Bitter Goodbye

5.8K 1.2K 106
                                    

This is bad.
This is really bad.

Aku gak tahu gimana reaksiku terlihat di depan orang-orang lain, tapi kayaknya semua bersikap normal aja. Avant balik dari kamar mandi dan dengan santai berkenalan sama Dipta. Dipta bersikap charming dan ramah menanggapi Avant sebagai pacar baruku. Dan Ren super bangga karena sukses bikin surprise.

I can't ruin the night.

"Gue lagi proses editing musik, yaaah...seminggu lah di sini. Tau Ren mau ke sini, jadi gue pas-pas'in aja, biar bisa balik bareng."

"Biar bisa tes Covid bareng. Dia penakut banget sama dokter." ralat Ren. Bener sih nih. Dipta pernah pacaran ama berbagai jenis dokter, tapi dia penakut soal suntik-suntikan.

"No worries, bro. Aku juga gak suka banget sama dokter, jarum suntik, rumah sakit. Nope. Just, nope."
Avant tampak senang berada di kumpulannya, lelaki-lelaki alpha dengan tipikal berbeda, dengan satu vibe yang serupa.

Aku minum segelas white wine lagi dari meja. It helps me stop thinking too much and calm down my nerves. Aku udah lama banget gak minum, terakhir mungkin sebelum lulus kuliah. Aku suka wine dan teman-temannya, tapi gak suka bangun pagi dengan kepala berdenyut dan perut kayak diaduk-aduk.
Tapi malam ini kayaknya aku butuh banyak.
Sejujurnya, aku pengen kabur dari sini.

Aku bisa aja bilang sama Avant kalau Dipta adalah orang yang pernah kuceritain waktu itu. Tapi aku gak tau gimana dia akan bereaksi.
Ada Ren pula. Ren dulu terkenal di kampus kami, pernah menghardik dosen yang godain teman perempuannya.

I kinda worry what they'll do to Dipta if they know. Trus aku langsung sebel sendiri rasanya, sadar kalau aku masih mikirin dia padahal dia udah jahat.

"Ner, lo udah minum banyak banget."
Nah. Dia komentar, menahan botol Chardonay yang mau kuambil.
"I'm fine." jawabku cepat, menariknya dan menuang isinya ke gelasku.

Avant lagi ketawa-ketawa berdua Ren, entah ngobrolin apa. Keduanya memegang gelas berisi bourbon dan vodka di tangan masing-masing. Ah parah sih. Alamat kami semua pulang pakai taksi malam ini.
Lalu aku ngeh kalau Dipta gak minum sama sekali. Dia gak pernah minum. Sejak dulu, dia hanya minum soda.
...lalu memanfaatkan ketidaksadaranku secara sadar.

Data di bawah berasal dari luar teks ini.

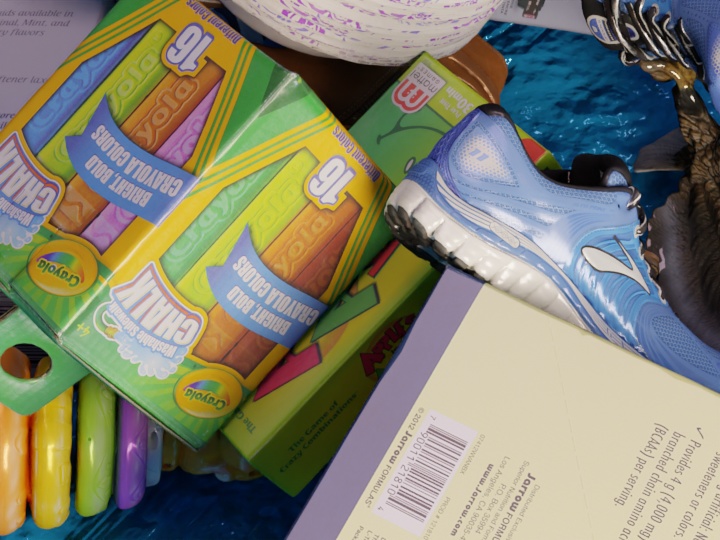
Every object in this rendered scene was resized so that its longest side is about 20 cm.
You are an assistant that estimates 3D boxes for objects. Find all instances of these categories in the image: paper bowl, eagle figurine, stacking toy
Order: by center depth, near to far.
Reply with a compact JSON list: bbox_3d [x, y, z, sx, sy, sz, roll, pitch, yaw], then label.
[{"bbox_3d":[-0.138,0.086,0.996,0.199,0.116,0.110,1,48,-9],"label":"stacking toy"},{"bbox_3d":[-0.012,-0.190,1.012,0.200,0.104,0.202,16,52,-21],"label":"paper bowl"},{"bbox_3d":[0.222,-0.039,1.070,0.151,0.151,0.201,-32,75,30],"label":"eagle figurine"}]

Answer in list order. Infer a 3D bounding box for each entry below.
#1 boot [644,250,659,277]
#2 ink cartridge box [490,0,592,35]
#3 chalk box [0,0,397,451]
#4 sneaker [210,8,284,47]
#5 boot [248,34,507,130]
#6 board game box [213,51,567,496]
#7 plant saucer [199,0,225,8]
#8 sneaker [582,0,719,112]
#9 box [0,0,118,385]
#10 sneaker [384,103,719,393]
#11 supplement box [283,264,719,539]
[{"bbox_3d":[0.066,0.041,1.041,0.199,0.075,0.097,-6,70,-5],"label":"boot"},{"bbox_3d":[0.090,-0.172,1.182,0.199,0.042,0.119,0,18,-36],"label":"ink cartridge box"},{"bbox_3d":[-0.100,-0.012,0.914,0.200,0.125,0.124,-49,50,-2],"label":"chalk box"},{"bbox_3d":[-0.065,-0.074,1.125,0.082,0.074,0.201,12,49,-16],"label":"sneaker"},{"bbox_3d":[-0.016,-0.110,1.075,0.199,0.077,0.156,27,46,2],"label":"boot"},{"bbox_3d":[0.000,0.000,0.959,0.200,0.048,0.102,-46,51,-1],"label":"board game box"},{"bbox_3d":[-0.119,-0.212,1.058,0.199,0.034,0.201,22,46,-25],"label":"plant saucer"},{"bbox_3d":[0.165,-0.127,1.018,0.089,0.079,0.200,-18,30,5],"label":"sneaker"},{"bbox_3d":[-0.171,-0.072,1.078,0.104,0.185,0.201,0,46,8],"label":"box"},{"bbox_3d":[0.109,-0.002,0.892,0.089,0.200,0.078,-55,24,-5],"label":"sneaker"},{"bbox_3d":[0.080,0.144,0.835,0.199,0.134,0.201,26,69,16],"label":"supplement box"}]
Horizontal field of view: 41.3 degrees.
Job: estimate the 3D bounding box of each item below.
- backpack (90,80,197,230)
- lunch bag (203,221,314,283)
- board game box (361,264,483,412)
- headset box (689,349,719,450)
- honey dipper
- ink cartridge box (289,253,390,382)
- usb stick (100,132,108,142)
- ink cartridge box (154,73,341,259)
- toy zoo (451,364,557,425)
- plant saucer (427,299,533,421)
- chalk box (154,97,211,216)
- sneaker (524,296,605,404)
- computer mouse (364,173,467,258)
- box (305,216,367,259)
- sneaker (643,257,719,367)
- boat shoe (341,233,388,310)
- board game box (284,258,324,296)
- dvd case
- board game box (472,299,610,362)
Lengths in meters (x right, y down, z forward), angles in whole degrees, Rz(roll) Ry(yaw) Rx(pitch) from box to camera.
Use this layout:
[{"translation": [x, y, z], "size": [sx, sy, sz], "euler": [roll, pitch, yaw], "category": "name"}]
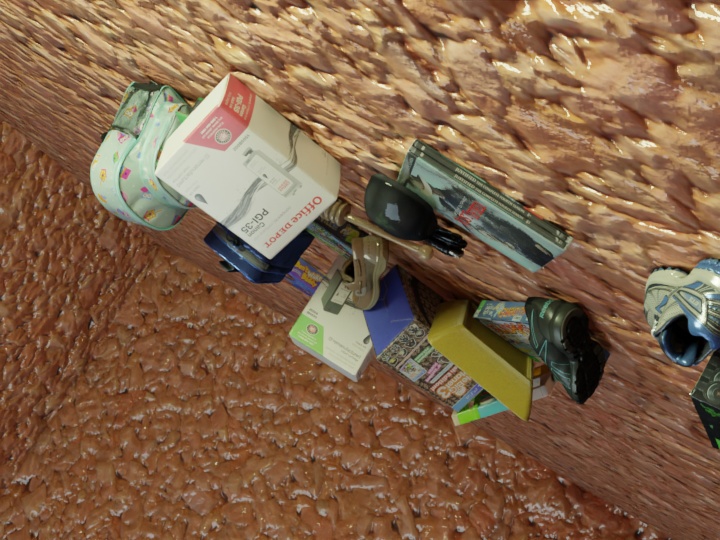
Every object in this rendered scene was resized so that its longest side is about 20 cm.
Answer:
[{"translation": [-0.310, -0.164, 1.472], "size": [0.152, 0.201, 0.176], "euler": [23, 167, 38], "category": "backpack"}, {"translation": [-0.179, -0.050, 1.661], "size": [0.135, 0.133, 0.200], "euler": [38, -171, 12], "category": "lunch bag"}, {"translation": [0.112, 0.113, 1.603], "size": [0.199, 0.097, 0.160], "euler": [35, -159, -30], "category": "board game box"}, {"translation": [0.446, 0.154, 0.974], "size": [0.199, 0.093, 0.174], "euler": [26, 168, 36], "category": "headset box"}, {"translation": [0.021, -0.060, 1.431], "size": [0.198, 0.038, 0.038], "euler": [27, 170, 20], "category": "honey dipper"}, {"translation": [-0.016, 0.076, 1.736], "size": [0.144, 0.201, 0.084], "euler": [30, 168, 10], "category": "ink cartridge box"}, {"translation": [-0.517, -0.251, 2.201], "size": [0.055, 0.033, 0.200], "euler": [33, 173, 44], "category": "usb stick"}, {"translation": [-0.142, -0.131, 1.240], "size": [0.199, 0.146, 0.083], "euler": [37, -148, -24], "category": "ink cartridge box"}, {"translation": [0.257, 0.208, 1.638], "size": [0.131, 0.198, 0.021], "euler": [-41, -71, -75], "category": "toy zoo"}, {"translation": [0.205, 0.126, 1.516], "size": [0.199, 0.049, 0.200], "euler": [39, -161, -1], "category": "plant saucer"}, {"translation": [-0.199, -0.157, 1.381], "size": [0.124, 0.125, 0.200], "euler": [24, 168, 36], "category": "chalk box"}, {"translation": [0.277, 0.103, 1.296], "size": [0.079, 0.075, 0.201], "euler": [24, 151, 41], "category": "sneaker"}, {"translation": [0.054, -0.062, 1.173], "size": [0.138, 0.053, 0.200], "euler": [33, 180, 17], "category": "computer mouse"}, {"translation": [-0.073, -0.086, 1.602], "size": [0.199, 0.035, 0.110], "euler": [35, 170, -12], "category": "box"}, {"translation": [0.306, 0.047, 0.911], "size": [0.076, 0.086, 0.200], "euler": [31, 171, 5], "category": "sneaker"}, {"translation": [0.000, 0.000, 1.527], "size": [0.063, 0.072, 0.201], "euler": [-1, 149, -9], "category": "boat shoe"}, {"translation": [-0.157, -0.001, 2.260], "size": [0.199, 0.045, 0.134], "euler": [38, 169, -32], "category": "board game box"}, {"translation": [0.133, -0.068, 1.076], "size": [0.199, 0.022, 0.146], "euler": [34, 170, 2], "category": "dvd case"}, {"translation": [0.266, 0.095, 1.429], "size": [0.135, 0.035, 0.200], "euler": [35, 170, -13], "category": "board game box"}]
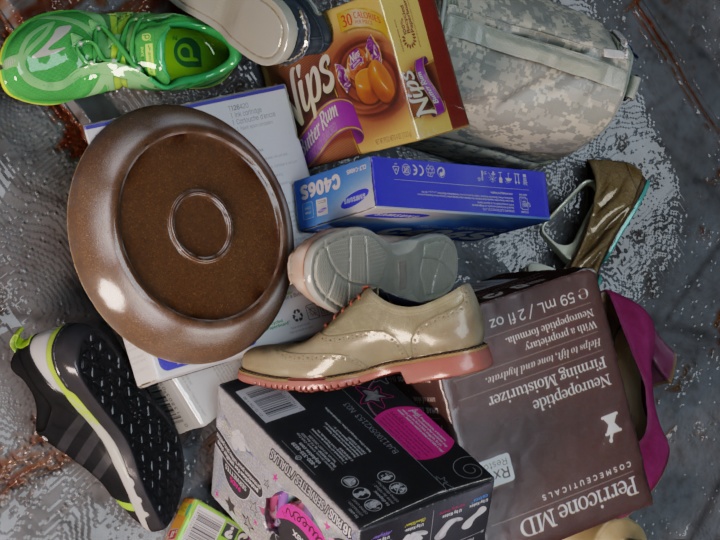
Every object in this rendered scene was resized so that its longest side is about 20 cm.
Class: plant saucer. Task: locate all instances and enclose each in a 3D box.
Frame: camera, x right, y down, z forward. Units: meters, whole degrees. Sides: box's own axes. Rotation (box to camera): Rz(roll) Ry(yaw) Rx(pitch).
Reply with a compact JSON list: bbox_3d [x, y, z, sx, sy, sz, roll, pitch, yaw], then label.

"Vant, pulang yuk." ajakku. Aku mendadak parno setengah mabuk dengan Dipta di sekitarku.

"The night's still young, love. We can always take a day off tomorrow..." jawab Avant sebelum tau-tau bangkit dan pergi ke depan panggung sama Ren. Meninggalkanku berdua doang sama Dipta! Halaaaah.

Dipta duduk di sebelahku. Aku bahkan gak sanggup untuk bergeser, meskipun mau.

"Gue perlu bicara sama lo." ia berkata.
"Gue enggak mau lagi bicara sama lo." jawabku segera.

"Lo belum maafin gue, Ner."
"Gue gak akan maafin lo, emang."

"Neri..." Dipta menyentuh lenganku dan aku refleks bergeser menjauh. Sebelumnya, aku bahkan bisa tidur dengan santai banget di rumahnya. Tapi hari ini aku muak banget.

"I was young and stupid. I made mistakes. I'm sorry, Neri." Dipta berkata pelan.

"Gue gak tau apa aja yang lo lakuin sama gue, Dip. Gue gak tau mesti maafin bagian mananya, but let's get this straight now, then. Did you rape me?"
"God. No. Neri. No. I would never..."

"Did you see me naked?" potongku.
Ia ragu-ragu menjawab.
"I took that as a yes." sambungku seketika.

"Did you touch me somewhere you shouldn't?" tanyaku lagi, "Another yes, I guess."
Dipta mengusap wajahnya dengan frustasi.

"Did you kiss me? Oh, oh, a lot, I suppose." lanjutku sekalian.

"And you did them all without my consent. You've assaulted me. That's what you do." aku menunjuk dada Dipta dengan telunjukku.